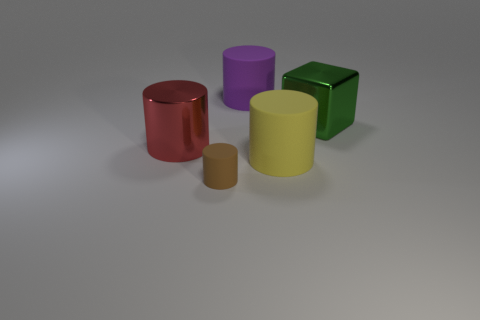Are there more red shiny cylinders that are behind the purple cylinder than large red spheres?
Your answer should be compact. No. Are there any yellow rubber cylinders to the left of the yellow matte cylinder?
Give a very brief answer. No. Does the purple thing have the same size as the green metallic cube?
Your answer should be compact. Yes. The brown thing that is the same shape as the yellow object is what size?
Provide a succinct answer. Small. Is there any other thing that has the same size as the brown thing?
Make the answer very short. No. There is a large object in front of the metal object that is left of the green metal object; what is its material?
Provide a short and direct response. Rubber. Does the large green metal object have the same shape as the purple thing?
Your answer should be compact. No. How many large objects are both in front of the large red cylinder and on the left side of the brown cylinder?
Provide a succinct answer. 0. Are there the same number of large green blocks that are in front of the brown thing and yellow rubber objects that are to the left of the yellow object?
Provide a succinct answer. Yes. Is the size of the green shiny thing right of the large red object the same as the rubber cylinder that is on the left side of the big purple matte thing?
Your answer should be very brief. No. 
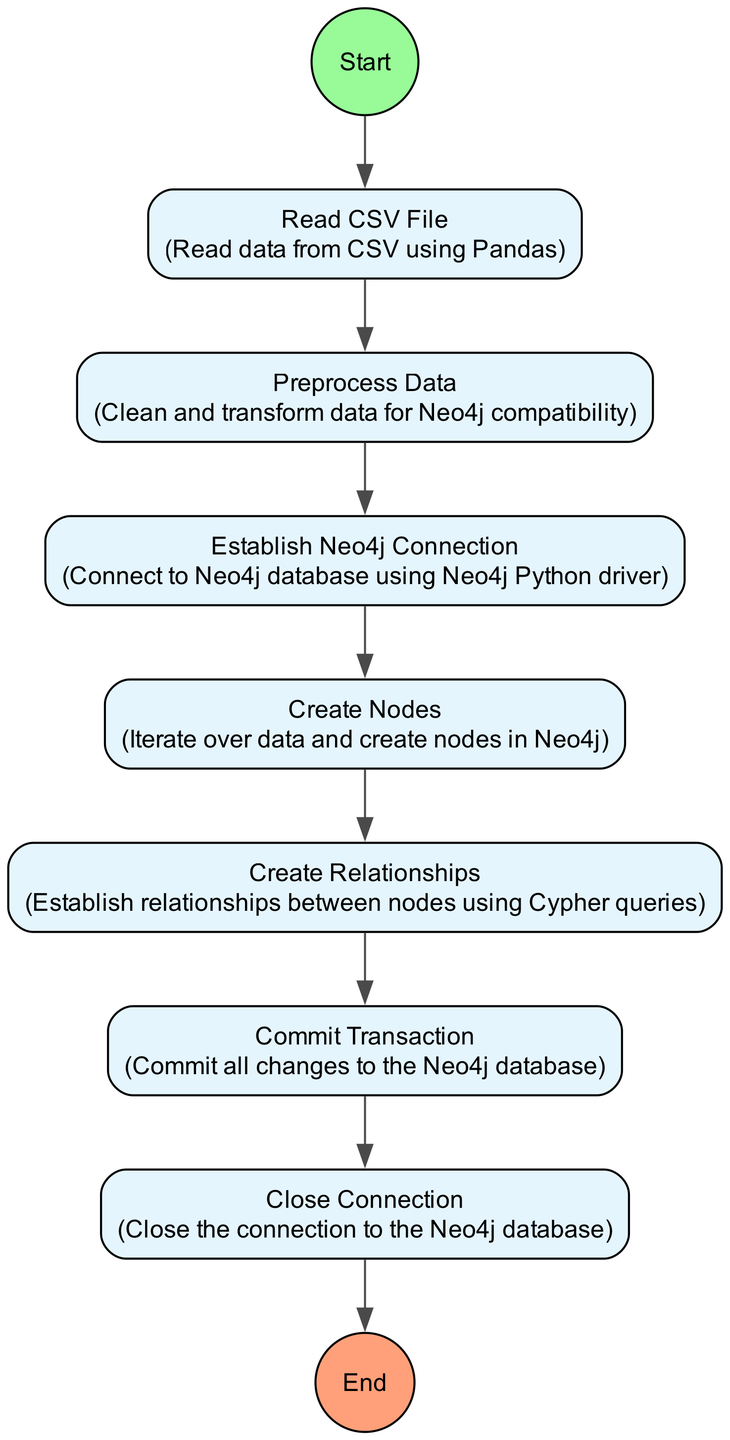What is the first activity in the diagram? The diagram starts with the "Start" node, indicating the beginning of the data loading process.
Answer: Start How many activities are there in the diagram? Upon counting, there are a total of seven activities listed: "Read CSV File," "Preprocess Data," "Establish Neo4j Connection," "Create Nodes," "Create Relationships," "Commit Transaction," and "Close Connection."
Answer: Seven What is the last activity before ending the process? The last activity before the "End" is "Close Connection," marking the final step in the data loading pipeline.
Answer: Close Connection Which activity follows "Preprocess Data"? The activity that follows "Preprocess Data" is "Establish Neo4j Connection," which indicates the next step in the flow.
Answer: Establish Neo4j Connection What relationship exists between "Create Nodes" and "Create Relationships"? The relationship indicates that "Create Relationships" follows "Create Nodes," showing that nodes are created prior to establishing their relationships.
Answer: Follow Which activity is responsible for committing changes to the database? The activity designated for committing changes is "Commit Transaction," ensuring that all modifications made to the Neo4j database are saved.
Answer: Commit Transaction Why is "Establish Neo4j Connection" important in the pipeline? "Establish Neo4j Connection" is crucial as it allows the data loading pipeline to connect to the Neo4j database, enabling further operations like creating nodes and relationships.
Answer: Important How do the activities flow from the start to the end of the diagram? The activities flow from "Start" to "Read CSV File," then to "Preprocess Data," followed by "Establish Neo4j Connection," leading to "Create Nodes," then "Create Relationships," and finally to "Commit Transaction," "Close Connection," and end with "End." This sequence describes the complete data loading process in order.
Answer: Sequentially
==
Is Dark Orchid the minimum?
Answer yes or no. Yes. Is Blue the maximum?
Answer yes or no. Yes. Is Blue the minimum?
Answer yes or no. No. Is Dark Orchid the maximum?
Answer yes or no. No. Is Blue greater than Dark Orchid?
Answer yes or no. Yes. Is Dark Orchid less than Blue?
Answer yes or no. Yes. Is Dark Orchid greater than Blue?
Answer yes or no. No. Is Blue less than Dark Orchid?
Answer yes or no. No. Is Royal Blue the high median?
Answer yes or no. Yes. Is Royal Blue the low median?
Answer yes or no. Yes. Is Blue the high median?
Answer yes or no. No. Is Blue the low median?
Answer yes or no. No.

* **What the task requires**
Starting from the records above, copy each line where the string "very" is found.

* **Output**
Give a very brief answer. No. Does the purple thing have the same size as the green metallic cube?
Make the answer very short. No. There is a large object in front of the metal object that is left of the green metal object; what is its material?
Your answer should be very brief. No. 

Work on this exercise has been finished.